Citing inaction by European Union leadership, some member countries turned to the building of barriers as a favoured way to keep migrants out.
The building spree that year more than doubled the number of walls, from 5 to 12. In all, around 1,000 kilometres of walls and fences have been built in Europe since the 1990s, said the TNI report, titled "Building Walls."
European populist leaders have argued that barriers are necessary to protect their countries from irregular migration and, more crucially, from criminals and would-be terrorists among them.
“Every single migrant poses a public security and terror risk,” Viktor Orban, Hungary’s populist prime minister, said at a 2016 news conference in Budapest.
Orban, who has been called “the original Trump,” labelled the migrants passing through his country at the time as “Muslim invaders” who threatened Hungary and Europe’s Christian identity. He built barriers on Hungary’s borders with Serbia and Croatia.
The same arguments travel easily across European borders.
Barriers have also sprouted at the Macedonian border with Greece, at the Slovenian border with Croatia, the Bulgarian border with Turkey, among others.
When Austria erected a fence with Slovenia in reaction to the 2015 crisis, then-interior minister Johanna Mikl-Leitner said “a fence is not a bad thing. Anyone who has a house, has a garden and a fence” to help regulate who enters and who doesn’t.
And in Trump’s rhetoric, there are many echoes of European arguments gone by. Trump wanted Mexico to pay for his wall; Orban wanted the EU to pay for half of his border fence for the benefits he says the union reaped.
For both, walls and fences have proven a powerful political tool, says one expert.
“They look great on television, they look strong and impenetrable, and it suggests to the viewer ‘We, the government, is protecting you from something,’” Marcello Di Cintio, author of Walls: Travels Along the Barricades, said in an interview from Calgary.
But, he added, they are blunt instruments symbolizing an admission that builders are not interested in dealing with root causes.
“A wall is not a solution, it’s a surrender to the problem,” said Di Cintio. “A wall is a white flag.

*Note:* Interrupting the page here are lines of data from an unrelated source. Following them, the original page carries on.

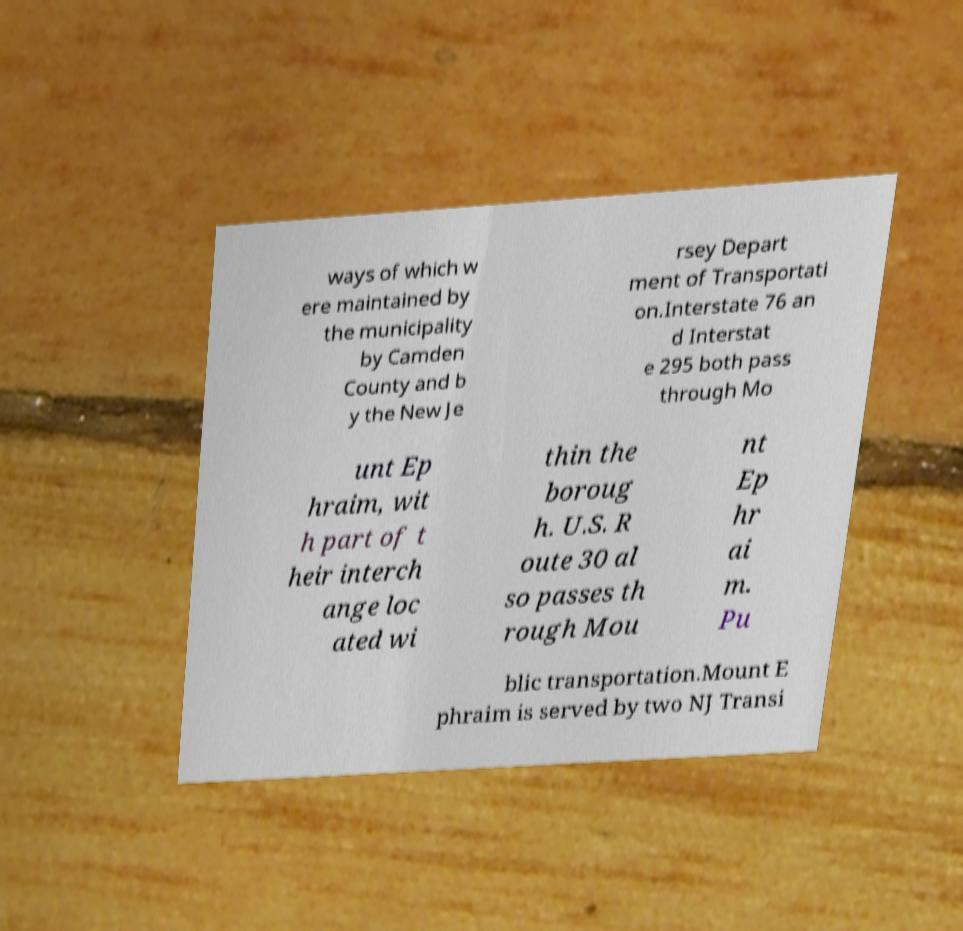Please read and relay the text visible in this image. What does it say? ways of which w ere maintained by the municipality by Camden County and b y the New Je rsey Depart ment of Transportati on.Interstate 76 an d Interstat e 295 both pass through Mo unt Ep hraim, wit h part of t heir interch ange loc ated wi thin the boroug h. U.S. R oute 30 al so passes th rough Mou nt Ep hr ai m. Pu blic transportation.Mount E phraim is served by two NJ Transi 
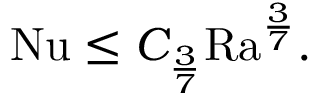<formula> <loc_0><loc_0><loc_500><loc_500>\begin{array} { r } { { N u } \leq C _ { \frac { 3 } { 7 } } { R a } ^ { \frac { 3 } { 7 } } . } \end{array}</formula> 
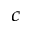Convert formula to latex. <formula><loc_0><loc_0><loc_500><loc_500>_ { c }</formula>

A wall says ‘We don’t know what to do so we’re just going to do this.’”
But can walls actually work?
“It’s a political platitude to say walls don't work — it’s like saying 'There's no military solution to this conflict,' which is almost always untrue,” says Tim Marshall, author of The Age of Walls: How Barriers Between Nations are Changing Our World.
Put together, Europe’s walls did interrupt the flow of migrants crossing the continent on foot en route mostly to Germany and Sweden in 2015 and 2016 — it did that by rerouting the flow.
Those who build them, says Marshall, “know they are not foolproof,” and in that there are lessons for the U.S.
“Governments realize that barriers can work in deflecting the flow of economic migrants and asylum-seekers away from their borders and towards someone else’s, and so as a short-term response to popular pressure they are a relatively cheap option,” says Marshall.
At a time when division over immigration and migrants define European political discourse — and a time when Orban is openly calling for an anti-migrant takeover of the European Union — border barriers have proven popular both among ordinary Europeans and the politicians looking to win their vote.
Their supporters in Europe point to the almost immediate drop in the number of migrants inside each country as proof that they do work. They especially celebrate the Hungarian fences, and credit the Macedonian fence with Greece for shutting down the so-called Balkan route used by untold thousands to get to Western Europe.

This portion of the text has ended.